Of course, given int x = -4 and the lack of any change to x between that initialization and the expressions z << x and x << 3, a compiler could deduce that the shifts are undefined in this specific case and issue a warning. This is not required by the standard, and the failure of the compiler to do so is simply a matter of the quality of the implementation of the compiler.

Answer 2

The short explanation for the compiler not issuing a warning in such cases is because it isn't required to.

The definition of "undefined" in the standard also explicitly states "no diagnostic required". Which means the standard does not require an implementation to issue a diagnostic in such cases. The reason for that is that, technically, compilers may not be able to detect all instances of undefined behaviour within a reasonable time or (in some cases) at all. Some cases can only be detected at run time. Compilers are complicated pieces of code so - even if a human can easily recognise a problem - a compiler may not (on the other hand, compilers also detect problems that humans cannot find easily).

When no diagnostics are required, there are several things - all discretionary - that must happen before a compiler will issue a warning.

The first things that happen amount to "quality of implementation" concerns - a vendor or compiler developer elects to write code that detects particular cases and other code that issues a warning

The two steps (detecting a case, and warning about it) are separate and completely discretionary - the standard does not require a diagnostic so, even if code is written that detects a particular case, the compiler is still not required to issue a warning about it. Practically, even if problems are detected, the compiler developers may elect not to issue a warning for various reasons. Some warnings are about rare edge cases, so it is not worth the effort to emit them. Some warnings have an inherent "false positive" rate which tends to result in developers whinging in bug reports to the compiler vendor about unnecessary warnings - so the compiler is configured by default to not emit them.

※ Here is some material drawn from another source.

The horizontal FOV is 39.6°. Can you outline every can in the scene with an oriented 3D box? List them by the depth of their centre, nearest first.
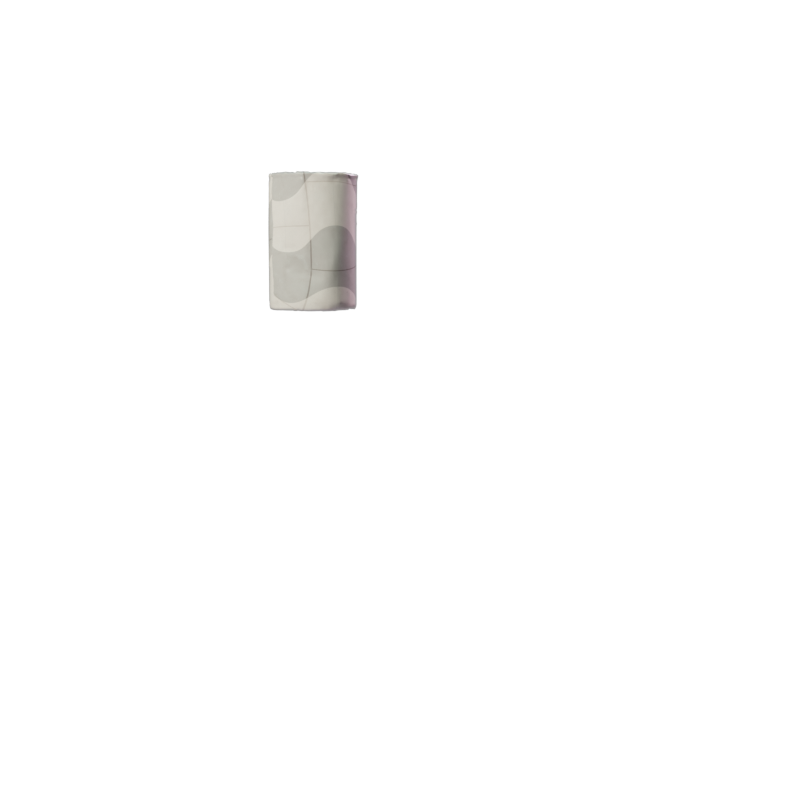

The next requirement for a warning to be issued is that the user of the compiler must elect to have the warnings shown. Thanks to vehement lobbying of vendors by developers - most modern compilers are configured BY DEFAULT so they only issue a relatively small number of warnings. So developers who want as much help as possible from the compiler need to explicitly enable it. For example, by using -Wall options with gcc and clang.

Answer 3

The behavior of left-shifting any value by an amount smaller than the word size was specified in C89 for all integer values of the left operand, even though the specified behavior for negative left operands would often have been less than ideal on non-two's-complement complement platforms, or on error-trapping platforms in cases where iterated multiplication by two would overflow.

To avoid requiring implementations to behave in less-than-ideal fashion, the authors of C99 decided to allow implementations to process such cases however they saw fit. Rather than try to guess at all the places where implementations might have a good reason to deviate from the C89 behavior, the authors of the C99 Standard presumably expected that implementations would follow the C89 behavior, absent a good reason to otherwise, whether the Standard compelled them to do so or not.

If the authors of the Standard had intended any change to the processing of left-shift operations in cases where the C89 behavior made sense, there should be some mention of the change in the published Rationale document. There is none whatsoever. The only inference I can see from such omission is that going from "Behave in a particular fashion that happens to almost always make sense" to "Behave in that fashion if the implementer judges that it makes sense, and otherwise process the code in whatever other fashion the implementer sees fit" wasn't seen as a sufficient change as to justify comment. The fact that the authors of the Standard failed to mandate a behavior in no way implies that they didn't expect that general-purpose two's-complement implementations wouldn't continue to process such shifts as they always had, nor that programmers shouldn't be entitled to similar expectations.